[[ DATA SHOWN open ]]
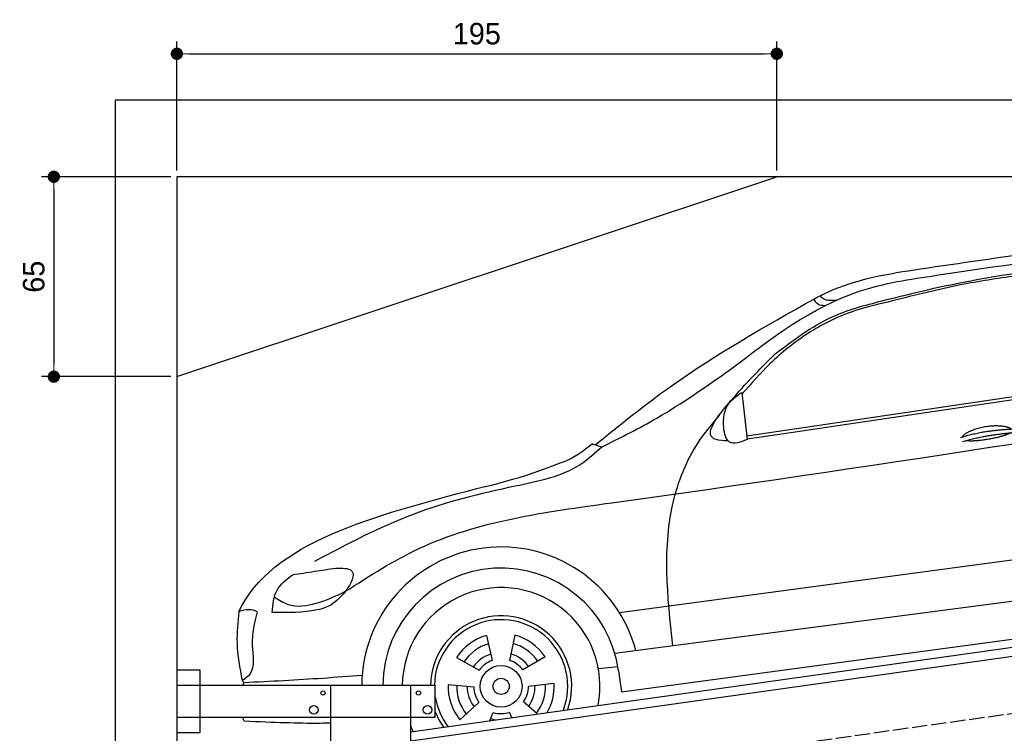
# Model space of a CAD drawing. Extents: x 13 to 6414, y -100 to 6001.
# Tile 4 of 5: x 13 to 3214, y 3680 to 6001. Entities that reach past the tile are written whole.
import ezdxf

# ---------------------------------------------------------------- set-up
doc = ezdxf.new("R2010")
doc.units = 0
doc.header["$LTSCALE"] = 10
doc.header["$MEASUREMENT"] = 0
doc.linetypes.add('GEN3', pattern=[6.25, 5, -1.25])
doc.layers.get('0').update_dxf_attribs({"linetype": 'CONTINUOUS'})
doc.layers.get('DEFPOINTS').update_dxf_attribs({"linetype": 'CONTINUOUS'})
doc.layers.add('3', color=6, linetype='GEN3')
doc.layers.add('CAR', color=1, linetype='CONTINUOUS')
doc.layers.add('AM_0', color=7, linetype='CONTINUOUS', lineweight=30)
doc.layers.add('AM_5', color=3, linetype='CONTINUOUS', lineweight=15)
doc.dimstyles.new('KLAUS_DXF', dxfattribs={"dimscale": 20, "dimtxt": 3.5, "dimasz": 2, "dimexe": 2, "dimexo": 1, "dimgap": 1.5, "dimtad": 1, "dimlfac": 0.1, "dimdsep": 46, "dimtxsty": 'Standard', "dimblk": 'DOT', "dimcen": 2, "dimclrd": 256, "dimclre": 256, "dimclrt": 2, "dimadec": 0, "dimazin": 0, "dimtfac": 1, "dimtmove": 2, "dimatfit": 3, "dimfxl": 1, "dimtolj": 1, "dimarcsym": 0})

# ---------------------------------------------------------------- blocks, each defined once
blk = doc.blocks.new('Car_K')
at = {"layer": 'CAR'}
for p, q in [((4395.3, 2725.6), (6371, 3016)), ((4457.7, 2723.8), (6379.4, 3009)), ((4379.1, 2866.5), (4396.7, 2713.3)), ((3981.4, 2150.9), (5902.5, 2408.8)), ((5954.6, 2278.4), (3966.6, 2017.9)), ((3987.9, 1892.3), (5969.5, 2160.9)), ((3549.7, 2076.4), (3568.1, 1994.6)), ((3641.8, 2077.1), (3624.8, 1995)), ((3452.6, 2004.6), (3525.4, 1963)), ((3740.1, 2007), (3667.9, 1964.2)), ((3913.1, 1968.5), (3976.3, 1975.6)), ((3978.5, 1961.3), (3987.9, 1892.3)), ((3424.8, 1916.8), (3508.3, 1908.9)), ((3769.3, 1919.6), (3685.9, 1910.4)), ((3463.1, 1802.2), (3525.1, 1858.6)), ((3714.2, 1820.9), (3669.9, 1859.8)), ((3559.9, 1799.2), (3571.3, 1825.7)), ((3631.9, 1809.3), (3624.3, 1826.1))]:
    blk.add_line(p, q, dxfattribs=at)
for radius in [67.9, 26.2]:
    blk.add_circle((3597.1, 1910.6), radius, dxfattribs=at)
for radius, start, end in [(453.2, 14.86, 179.5503), (384.7, 7.5734, 179.4702), (321.3, 348.8956, 179.3656), (229.5, 340.7371, 179.1121), (216.8, 338.9836, 179.0598), (172.4, 105.9643, 146.9655), (144.5, 106.605, 146.3248), (144.5, 34.605, 74.3248), (172.4, 33.9643, 74.9655), (110.3, 107.8341, 145.0957), (88.8, 109.097, 143.8328), (88.8, 37.097, 71.8328), (110.3, 35.8341, 73.0957), (172.4, 177.9643, 218.9655), (144.5, 178.605, 218.3248), (110.3, 179.8341, 217.0957), (88.8, 181.097, 215.8328), (88.8, 325.097, 359.8328), (110.3, 323.8341, 1.0957), (144.5, 322.605, 2.3248), (172.4, 330.4173, 2.9655), (216.8, 189.363, 217.0164), (229.5, 201.2851, 215.2629), (88.8, 253.097, 287.8328), (110.3, 251.8341, 260.346), (321.3, 203.8286, 207.1044)]:
    blk.add_arc((3597.1, 1910.6), radius, start, end, dxfattribs=at)
for points in [[(4960.4, 3268.4), (5748.6, 3373.1), (6565.3, 3342.1), (7001.7, 3128.2)], [(4341, 2940.3), (4761.1, 3195.4), (5012, 3247.5), (5597.3, 3332.3)], [(4486.6, 2990.7), (4671.5, 3111.4), (4835.8, 3164.4), (5073.4, 3220), (5478.3, 3280.6), (5845.3, 3309)], [(4613.5, 3170.2), (4659.2, 3193.1), (4960.4, 3268.4)], [(3903, 2696.1), (4146.8, 2885.1), (4613.5, 3170.2)], [(4649.4, 3148.3), (4628.6, 3152.5), (4613.5, 3170.2)], [(4687.2, 3166.4), (4645.3, 3170.5), (4633.1, 3180.6)], [(4854.3, 3160.3), (4734.7, 3127.8), (4595.7, 3058.9), (4471, 2959.6), (4379.8, 2860.3)], [(3925.1, 2689.5), (4103.6, 2783.3), (4341, 2940.3)], [(3091.3, 2219.7), (3330.1, 2358.5), (3957.2, 2507.7), (6400, 2878.8)], [(4396.7, 2713.3), (4339.5, 2705.2), (4320.6, 2752), (4338.5, 2831.7), (4379.1, 2866.5)], [(4306.1, 2792.5), (4245.7, 2716.3), (4157.7, 2518), (4154, 2042.4)], [(3925.1, 2689.5), (3854, 2631.3), (3642.8, 2561.4), (3311.2, 2469.9), (2990.2, 2316.7)], [(3893.1, 2699.9), (3907.7, 2694.5), (3925.3, 2689.7)], [(3059.7, 2295), (3110.1, 2287.6), (3057.8, 2185.2), (2999, 2159), (2853.2, 2151.3)], [(2853.2, 2151.3), (2868.7, 2223.2), (2919.1, 2273.7)], [(2919.1, 2273.7), (2990.6, 2284.7), (3059.7, 2295)], [(2860.2, 2201.5), (2904.9, 2177.1), (2995.7, 2180.6), (3091.3, 2219.7)], [(2744.5, 2154.1), (2738.6, 2052.2), (2755.6, 1929)], [(2803.8, 2152.6), (2788.3, 2043.9), (2781, 1951.5), (2755.6, 1929)], [(3145.3, 1945.7), (2891.3, 1928.7), (2761, 1922.3)]]:
    blk.add_spline(points, degree=3, dxfattribs=at)
for points, degree, knots in [([(5333.6, 3253.4), (5308.7, 3250.3), (5223.6, 3239.4), (5062.6, 3213.6), (4929, 3179.4), (4854.3, 3160.3)], 3, [96.627312, 96.627312, 96.627312, 96.627312, 171.985535, 353.964722, 585.294651, 585.294651, 585.294651, 585.294651]), ([(4334.6, 2709.5), (4303.1, 2709), (4246, 2721.6), (4373.6, 2878.3), (4444.9, 2949.2), (4486.6, 2990.7)], 3, [93.12531, 93.12531, 93.12531, 93.12531, 180.032421, 319.648401, 516.477642, 516.477642, 516.477642, 516.477642]), ([(5096.6, 2721.7), (5100.1, 2730), (5124.3, 2747.3), (5178.1, 2764.2), (5225, 2761.1), (5250, 2752.2), (5255.3, 2747.7), (5255.6, 2747.5)], 5, [0.0314681, 0.0314681, 0.0314681, 0.0314681, 0.0314681, 0.0314681, 0.300106, 0.500106, 0.5095952, 0.5095952, 0.5095952, 0.5095952, 0.5095952, 0.5095952]), ([(5252.3, 2734.9), (5248.8, 2732.7), (5232.1, 2724.4), (5198.9, 2715.8), (5152.6, 2708), (5121.2, 2707.1), (5107.9, 2709.7)], 5, [0.6133618, 0.6133618, 0.6133618, 0.6133618, 0.6133618, 0.6133618, 0.700106, 0.9252293, 0.9252293, 0.9252293, 0.9252293, 0.9252293, 0.9252293]), ([(3518, 2553.7), (3639.3, 2581.7), (3745, 2618.4), (3845.3, 2659.5), (3893, 2699.8)], 3, [0, 0, 0, 0, 247.321337, 334.292188, 334.292188, 334.292188, 334.292188]), ([(3043.2, 1790.9), (3031.6, 1790.6), (2945.8, 1788.9), (2860.9, 1793.2), (2762.4, 1796.9)], 3, [250.354392, 250.354392, 250.354392, 250.354392, 285.458466, 509.835857, 509.835857, 509.835857, 509.835857])]:
    blk.add_open_spline(points, degree=degree, knots=knots, dxfattribs=at)
for points, degree in [([(4457.7, 2723.8), (4436.9, 2720.6), (4416.2, 2717.4), (4396.5, 2714.9)], 3), ([(5090.7, 2719.8), (5164, 2744.5), (5270.4, 2748.1)], 2), ([(5097.2, 2706.5), (5169.3, 2728.8), (5269.6, 2736.4)], 2), ([(2744.5, 2154.1), (2850, 2378.9), (3184, 2466.3), (3518, 2553.7)], 3), ([(2803.8, 2152.6), (2787.9, 2162.9), (2767.7, 2161.4), (2744.5, 2154.1)], 3), ([(2761, 1922.3), (2759.2, 1924.6), (2757.3, 1926.8), (2755.6, 1929)], 3), ([(2757.6, 1914.2), (2758.7, 1916.9), (2759.9, 1919.6), (2761, 1922.3)], 3), ([(2762.4, 1796.9), (2760.8, 1801), (2759.2, 1805.1), (2757.7, 1809.2)], 3)]:
    blk.add_open_spline(points, degree=degree, dxfattribs=at)
blk = doc.blocks.new('_DOT')
at = {"color": 0, "linetype": 'ByBlock'}
blk.add_line((-0.5, 0), (-1, 0), dxfattribs=at)
at = {"color": 0, "linetype": 'ByBlock', "const_width": 0.5}
blk.add_lwpolyline([(-0.25, 0, 1), (0.25, 0, 1)], format="xyb", close=True, dxfattribs=at)
blk = doc.blocks.new('*D18')
at = {"layer": 'AM_5', "lineweight": -2, "transparency": 16777216}
for p, q in [((524.1, 5510), (524.1, 5930)), ((2474.1, 5510), (2474.1, 5930)), ((564.1, 5890), (2434.1, 5890))]:
    blk.add_line(p, q, dxfattribs=at)
at = {"layer": 'DEFPOINTS', "color": 0, "transparency": 16777216}
for p in [(2474.1, 5890), (524.1, 5490), (2474.1, 5490)]:
    blk.add_point(p, dxfattribs=at)
at = {"layer": 'AM_5', "lineweight": -2, "transparency": 16777216, "xscale": 40, "yscale": 40, "zscale": 40, "rotation": 180}
blk.add_blockref('_DOT', (524.1, 5890), dxfattribs=at)
at = {"layer": 'AM_5', "lineweight": -2, "transparency": 16777216, "xscale": 40, "yscale": 40, "zscale": 40}
blk.add_blockref('_DOT', (2474.1, 5890), dxfattribs=at)
at = {"layer": 'AM_5', "color": 2, "transparency": 16777216, "insert": (1499.1, 5955), "char_height": 70, "attachment_point": 5}
blk.add_mtext('\\A1;195', dxfattribs=at)
blk = doc.blocks.new('*D20')
at = {"layer": 'AM_5', "lineweight": -2, "transparency": 16777216}
for p, q in [((504.1, 5490), (84.1, 5490)), ((124.1, 5450), (124.1, 4880)), ((504.1, 4840), (84.1, 4840))]:
    blk.add_line(p, q, dxfattribs=at)
at = {"layer": 'DEFPOINTS', "color": 0, "transparency": 16777216}
for p in [(524.1, 5490), (124.1, 4840), (524.1, 4840)]:
    blk.add_point(p, dxfattribs=at)
at = {"layer": 'AM_5', "lineweight": -2, "transparency": 16777216, "xscale": 40, "yscale": 40, "zscale": 40}
for p, rotation in [((124.1, 5490), 90), ((124.1, 4840), 270)]:
    blk.add_blockref('_DOT', p, dxfattribs=dict(at, rotation=rotation))
at = {"layer": 'AM_5', "color": 2, "transparency": 16777216, "insert": (59.1, 5165), "char_height": 70, "attachment_point": 5, "rotation": 90}
blk.add_mtext('\\A1;65', dxfattribs=at)
blk = doc.blocks.new('EG_car')
at = {"layer": 'CAR'}
blk.add_open_spline([(45679.6, 5297.1), (45832.8, 5324.7), (46150.2, 5381.9), (46470.4, 5420.4), (46636.2, 5440.1)], degree=3, knots=[0, 0, 0, 0, 466.632282, 967.371588, 967.371588, 967.371588, 967.371588], dxfattribs=at)

msp = doc.modelspace()

# ---------------------------------------------------------------- linework, layer by layer
for p, q in [((324.09, 140), (324.09, 5740)), ((324.09, 5740), (6024.074, 5740)), ((5824.081, 5490), (524.081, 5490)), ((524.081, 5490), (524.081, 390)), ((524.081, 4840), (2474.081, 5490)), ((1284.081, 3685.181), (3762.92, 4033.559)), ((3770.066, 4004.269), (1284.081, 3654.886)), ((524.081, 3886.226), (599.081, 3886.226)), ((599.081, 3886.226), (599.081, 3681.226)), ((524.081, 3836.226), (1364.081, 3836.226)), ((1024.081, 2266.226), (1024.081, 3836.226)), ((1284.081, 396.226), (1284.081, 3836.226)), ((1364.081, 3731.226), (1364.081, 3836.226)), ((1364.081, 3731.226), (524.081, 3731.226)), ((599.081, 3681.226), (524.081, 3681.226))]:
    msp.add_line(p, q)
for centre, radius in [((999.081, 3811.226), 7), ((1309.081, 3811.226), 7), ((969.081, 3756.226), 14), ((1339.081, 3756.226), 14)]:
    msp.add_circle(centre, radius)
at = {"layer": '3'}
msp.add_line((747.49, 3394.675), (5754.898, 4098.42), dxfattribs=at)

# ---------------------------------------------------------------- block references
at = {"layer": 'AM_0'}
msp.add_blockref('EG_car', (-42647.394, -1734.214), dxfattribs=at)
at = {"layer": 'CAR'}
msp.add_blockref('Car_K', (-2019.077, 1922.202), dxfattribs=at)

# ---------------------------------------------------------------- dimensions: what is measured, and where the dimension line sits
at = {"layer": 'AM_5'}
dim = msp.add_linear_dim(base=(2474.081, 5890), p1=(524.081, 5490), p2=(2474.081, 5490), dimstyle='KLAUS_DXF', override={"dimtol": 0, "dimlim": 0, "dimtp": 0, "dimtm": 0, "dimtfac": 1, "dimtdec": 2, "dimtolj": 1, "dimtzin": 7}, dxfattribs=at)
dim.commit()
dim.dimension.update_dxf_attribs({"geometry": '*D18', "text_midpoint": (1499.081, 5955)})
dim = msp.add_linear_dim(base=(124.09, 4840), p1=(524.081, 5490), p2=(524.081, 4840), angle=90, dimstyle='KLAUS_DXF', override={"dimtol": 0, "dimlim": 0, "dimtp": 0, "dimtm": 0, "dimtfac": 1, "dimtdec": 2, "dimtolj": 1, "dimtzin": 7}, dxfattribs=at)
dim.commit()
dim.dimension.update_dxf_attribs({"geometry": '*D20', "text_midpoint": (59.09, 5165)})

doc.saveas('drawing.dxf')
[[ DATA SHOWN closed ]]
== AIM OF THE EXERCISE ==
The lines holding the word "drawing" are the answer. Find them in the entries and copy them.

== OUTPUT FOR THIS EXERCISE ==
# Model space of a CAD drawing. Extents: x 13 to 6414, y -100 to 6001.
doc.saveas('drawing.dxf')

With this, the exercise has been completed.